UPOV, Session d’automne 2021 (27-29 octobre 2021)

Niveau juridique : International

L’UPOV a tenu sa session annuelle 2021 du 27 au 29 octobre. Cette session se compose des réunions de différents groupes et comités, présentées ci-dessous par ordre chronologique. Afin d’avoir une vision globale et complète du contenu de cette session, lire (uniquement en anglais) l’analyse d’APBREBES, ONG ayant le statut d’observateur. Retour synthétique sur les temps forts de cette session annuelle, qui s’est tenue à distance.

Comité technique (TC/57), 25 et 26 octobre, ouvert au public

En amont de la session 2021 de l’UPOV s’est tenu, les 25 et 26 octobre, une réunion du Comité technique de l’UPOV. De nombreux points ont été abordés.

Comme les années précédente, la question des techniques moléculaires et de leur utilisation dans le cadre des examens DHS, pour l’examen des variétés essentiellement dérivées, pour l’identification des variétés, l’application des droits ainsi que les questions de propriété, confidentialité et accès en matière de données moléculaires ont été sur le devant de la scène et seront au programme des groupes de travail pour l’année 2022.

Lien vers le rapport en français ICI et les documents de la réunion ICI

Comité administratif et juridique (CAJ), 27 octobre 2021, ouvert au public

La réunion s’est concentrée essentiellement sur les mêmes sujets que l’année précédente.

Les variétés essentiellement dérivées

Lors de la dernière réunion du CAJ en 2020, avait été créé un groupe de travail composé de 13 Etats parties, de l’UE, de 6 organisations d’obtenteurs et de l’ONG APREBES. Ce dernier avait pour tâche de proposer une révision de la note d’explication sur les variétés essentiellement dérivées.

Il a commencé ses travaux en décembre 2020 et s’est réuni quatre fois. La façon dont le groupe de travail s’est acquitté de son mandat démontre la grande influence de l’industrie semencière sur l’UPOV et ses décisions.
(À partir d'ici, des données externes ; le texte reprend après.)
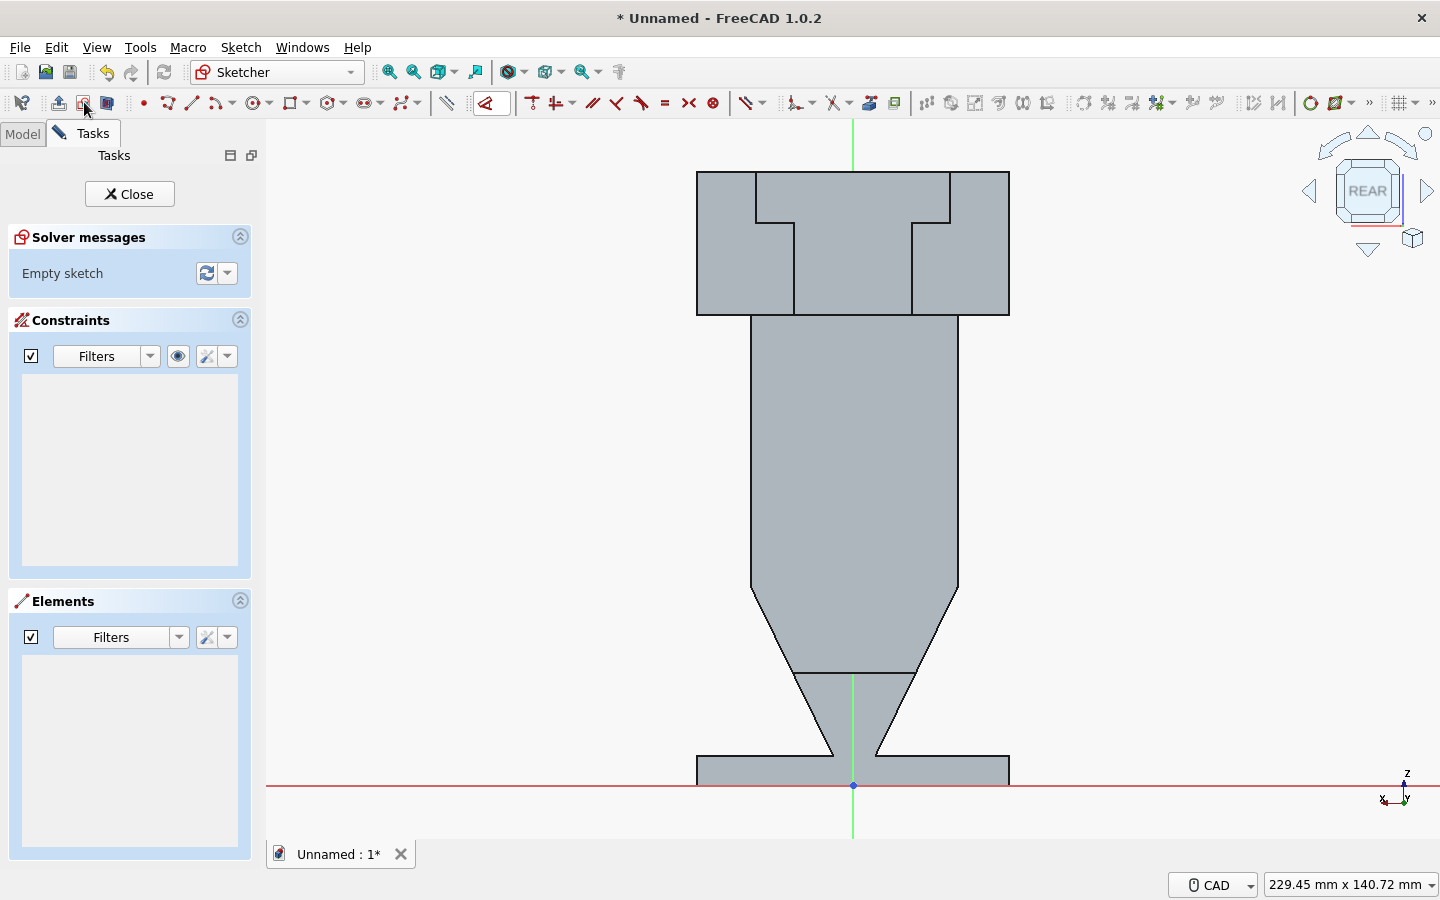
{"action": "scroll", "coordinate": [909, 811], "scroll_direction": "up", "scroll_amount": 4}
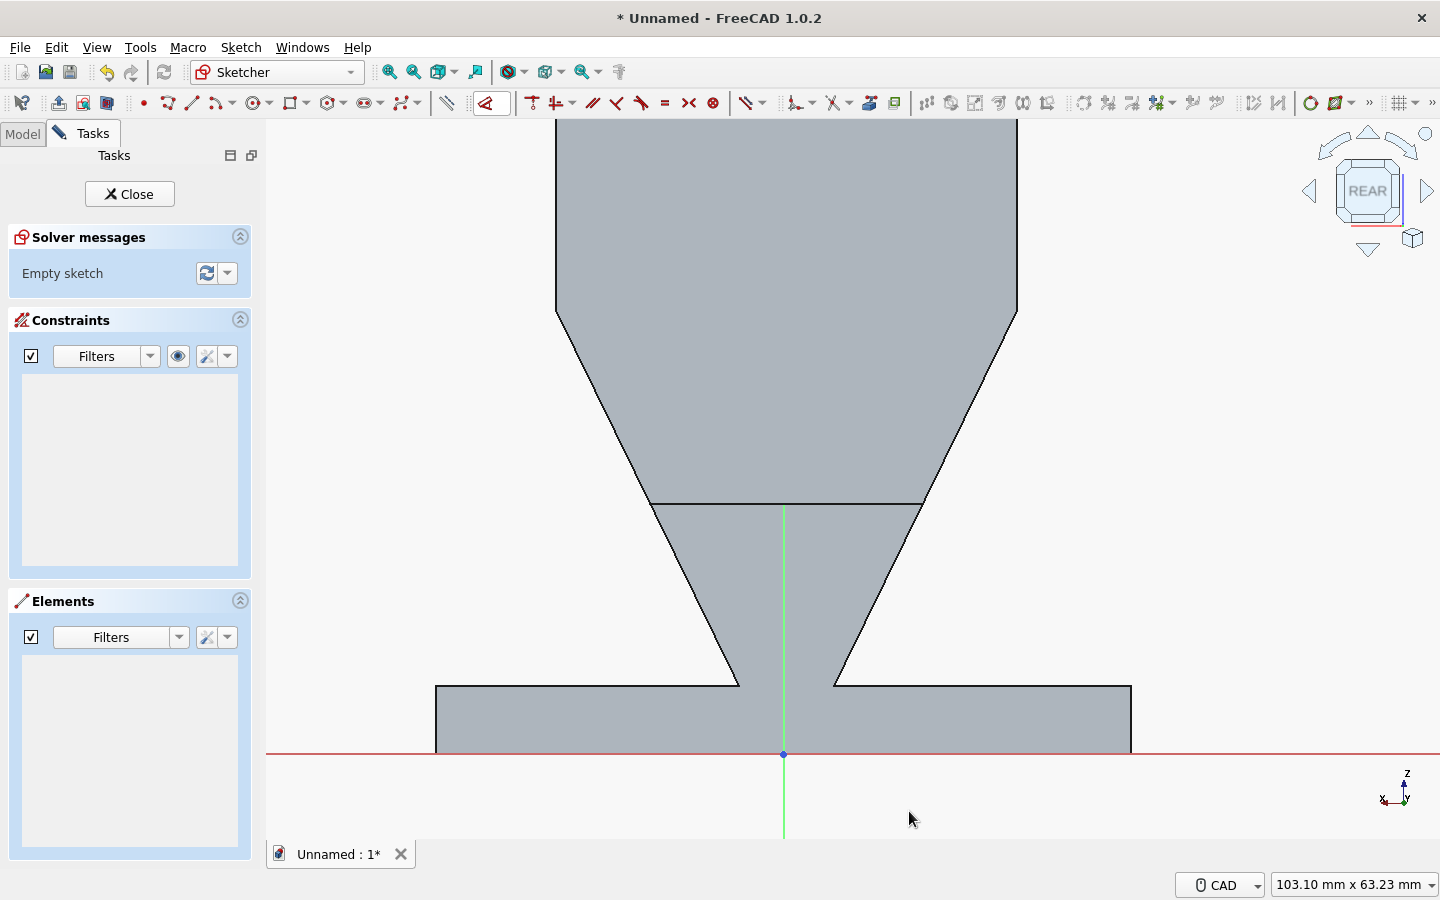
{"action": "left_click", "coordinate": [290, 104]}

Résumé des négociations au sein du groupe de travail

Ce résumé se base sur les différentes fiches veille produites, ainsi que sur l’analyse d’APREBES, qui a participé aux travaux de ce groupe (voir ICI et fiches n° 3337 et n°3368)

Le groupe a commencé ses travaux en invitant les organisations des obtenteurs à présenter les aspects du document actuel qu’ils voudraient voir réviser pour « refléter la pratique et la compréhension des obtenteurs en ce qui concerne les variétés essentiellement dérivées ». Ces derniers étaient aussi invité à présenter des propositions sur ces aspects. Or, comme le souligne APREBES, la position de ces acteurs étaient déjà bien connue, puisqu’elle avait fait l’objet de la plupart des présentations faites lors du Séminaire sur l’impact de la politique sur les variétés essentiellement dérivées sur les stratégie de sélection, qui avait initié la révision des notes explicatives. Le document de présentation des problèmes et des propositions identifiés par les membres et les observateurs, lui, n’a pas été étudié lors de la réunion.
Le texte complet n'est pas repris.